Just a personal note. I am not convinced that this is a more hands on approach. To me it reads as a statement to try and preserve personal public support for himself while maintaining enough distance that he is not fully hands-on and can claim later, when this does not get a positive result, that people did not do as he instructed them to and therefore it is "not my fault".

Ho hum...

07 July 2009

Manohara Odelia Pinot -- Part XII -- Indonesian Embassy in KL Strikes Back


The Manohara (photo) saga continues. For more on this case as written by yours truly, look here.

If the issues in this case, specifically the allegations of rape and abuse, were not so serious then this case would almost be fun to watch. Manohara and her mother, Daisy Fajarina, have been vocal in making claims against just about everyone who they feel have slighted them in some way in this whole affair. The Indonesian Embassy in Kuala Lumpur was no exception.
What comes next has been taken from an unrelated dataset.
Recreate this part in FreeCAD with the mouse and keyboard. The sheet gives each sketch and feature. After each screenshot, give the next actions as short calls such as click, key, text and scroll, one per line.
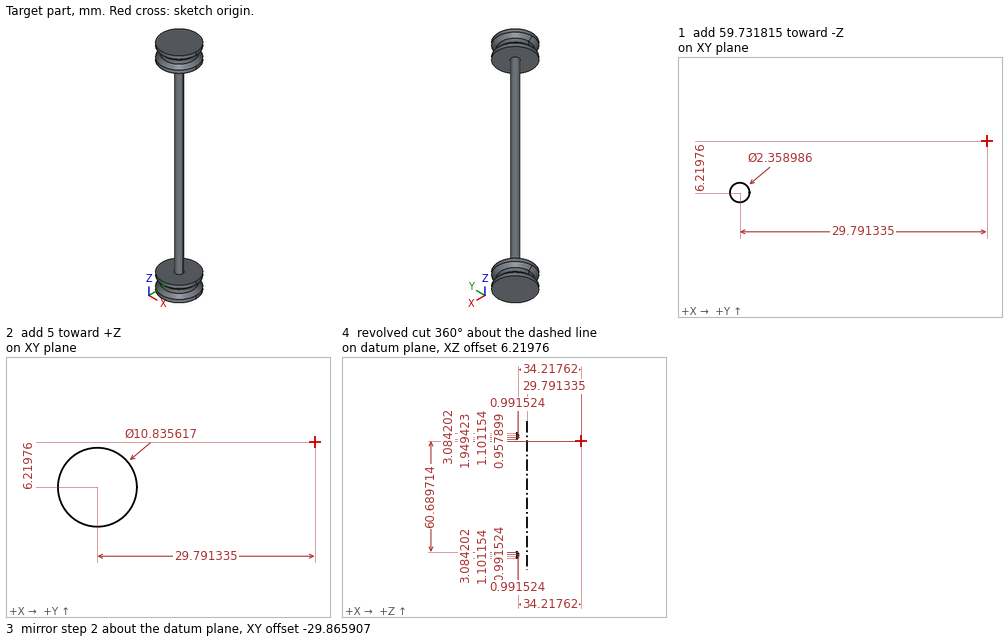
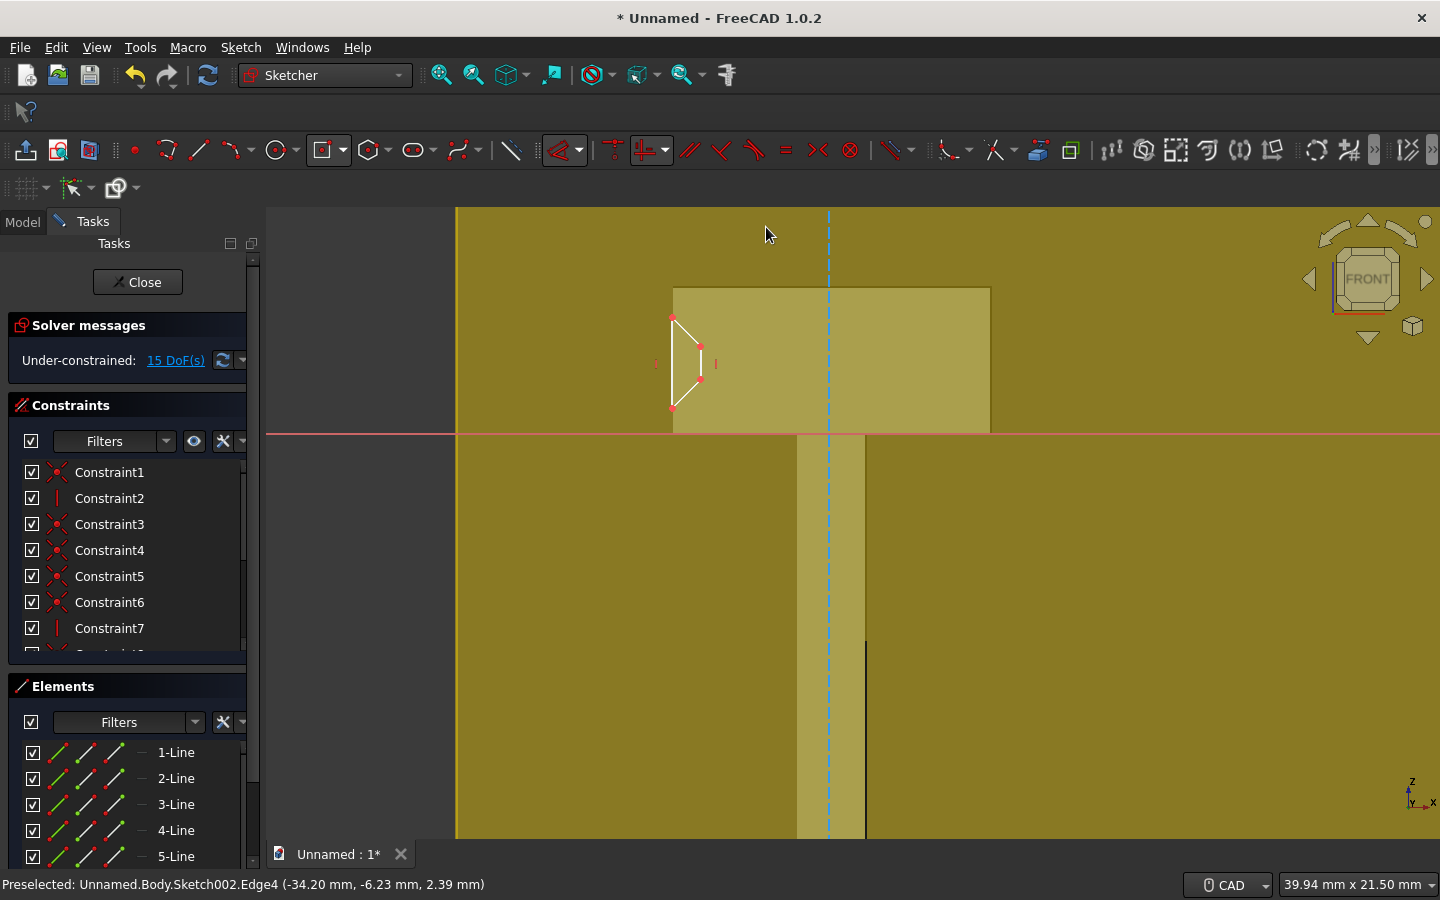
click(672, 381)

Mano, as she is now know affectionately, and her mother, have suggested that the Indonesia Embassy deliberately thwarted any attempts to deal with the matter and in fact was pro-active in keeping Mano in Malaysia because they had been bribed by the Kelantan Royal family.
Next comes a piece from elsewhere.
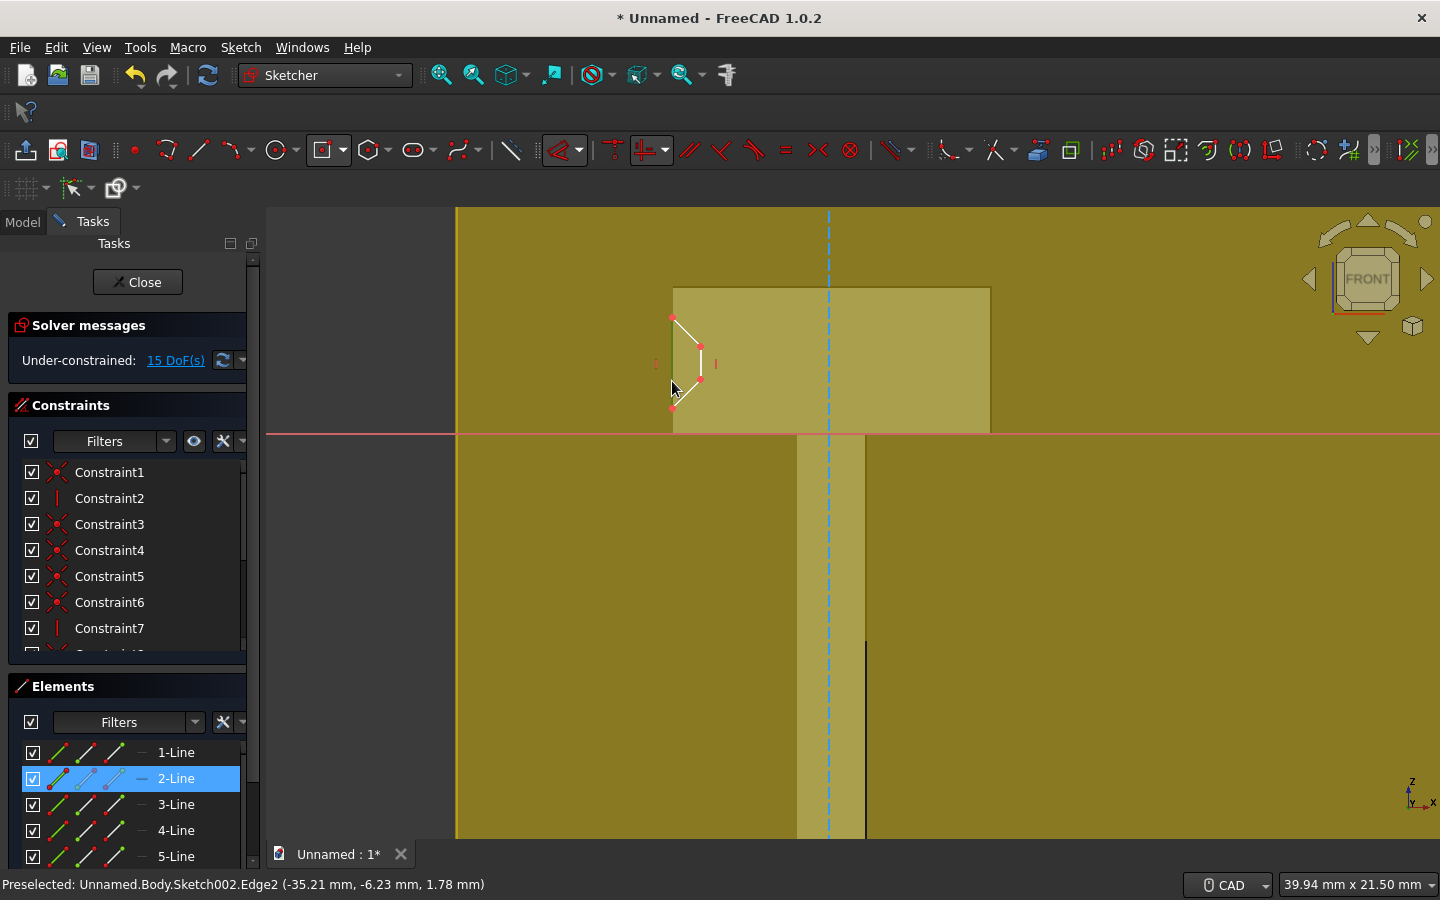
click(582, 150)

This piece is not about whether the claims are true or false per se, but rather about the legal implications of making them. And, then failing to produce any evidence in support of those claims. It would not be a first for an Indonesian Embassy and the officials that work within to be accused of corruption and to have that proved. However, in the cases where the allegations were made, subsequent evidence was furnished in order to establish guilt, and then convictions were obtained.
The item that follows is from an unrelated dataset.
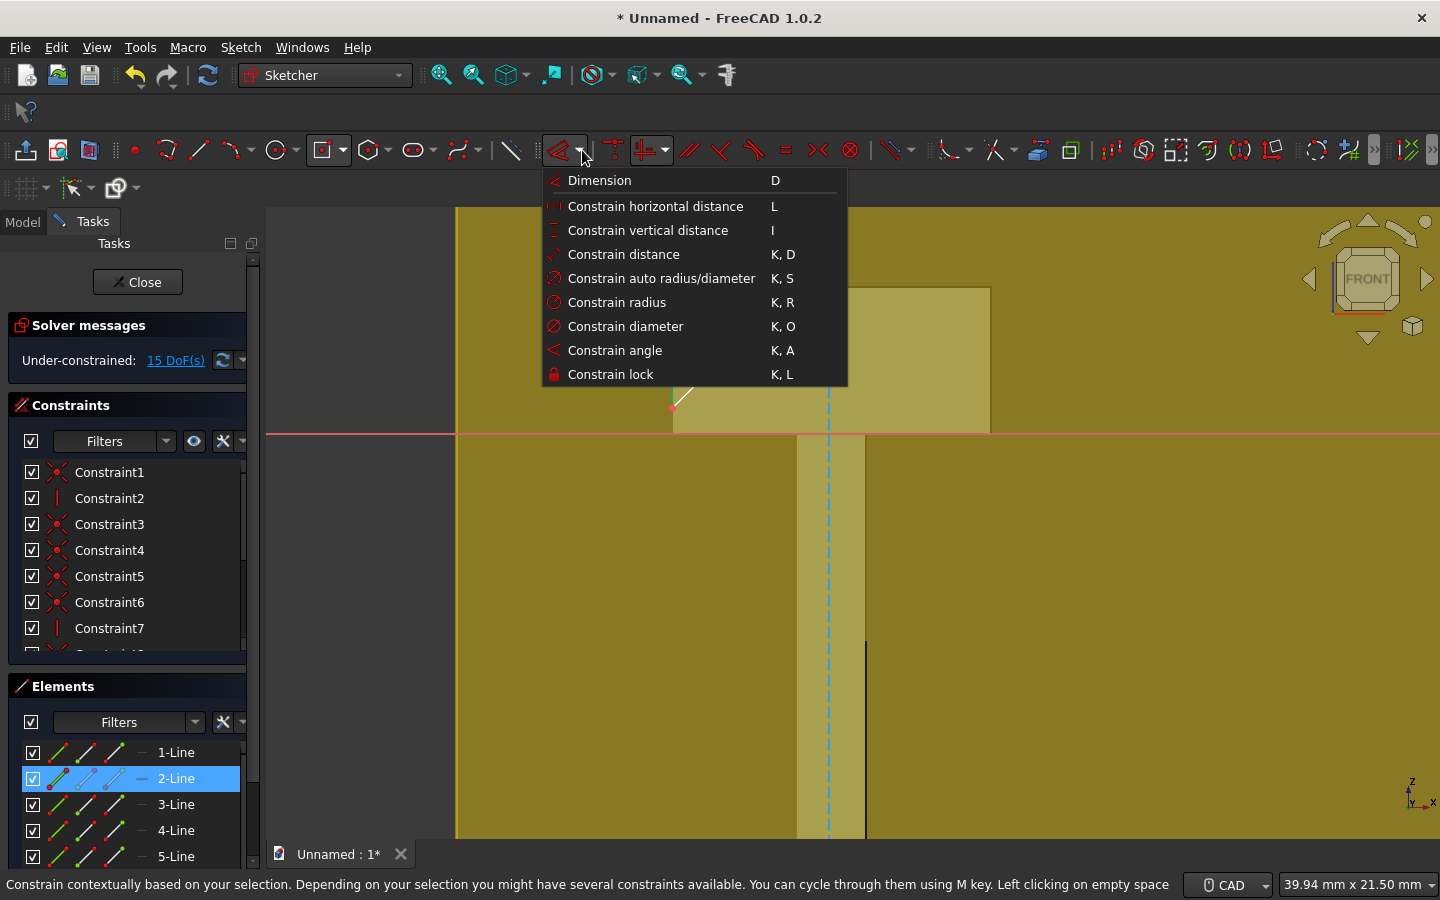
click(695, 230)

The Indonesian Embassy in Malaysia has laid out in chronological order all of the efforts that they undertook with respect to the Mano case. Could they have done more? Perhaps. However, the claim was that they did not do enough. Therefore, this raises the important question of, "legally how much does an Embassy have to in order to protect its citizens who get into trouble abroad, either legal or personal?"

The Indonesian Embassy in Kuala Lumpur has also indicated that it is intending to sue Mano and her mother if the pair of them cannot come up with evidence to prove their claims. It would be interesting to see how the presidential candidates respond to the Indonesian Embassy threatening a victim of alleged domestic violence in this way. Interesting in the sense of whether they jump on board like they did in the Prita Mulyasari defamation case or just try and avoid it like the plague.

Although, the incumbent president has had a say on the matter here (in Indonesian). Nevertheless, it was pretty much run of the mill stuff. Generally, "this is a serious matter"; "better that Manohara talks to the Minister of Foreign Affairs"; and, "I have instructed the ambassador in Malaysia to watch the developments in this case closely."

Kompas has a detailed account of the chronology of events here (in Indonesian).

My personal opinion is that the burden of proof lies with those making the allegations. In this case the burden of proof in terms of proving the two primary allegations, namely: the Embassy did not do enough and that it accepted bribes, lies with Mano and her mother. If they fail to do so, and if one truly believes in the idea that all are equal in the eyes of the law, then Mano and her mother must be subject to the prevailing laws and regulations governing their conduct.

Despite the threats, the Indonesian Embassy in Kuala Lumpur has expressed their desire to facilitate any action that Mano and her mother want to take in Malaysia.

A simple defense is truth. Hopefully, Mano and her mother have truth on their side and can prove it.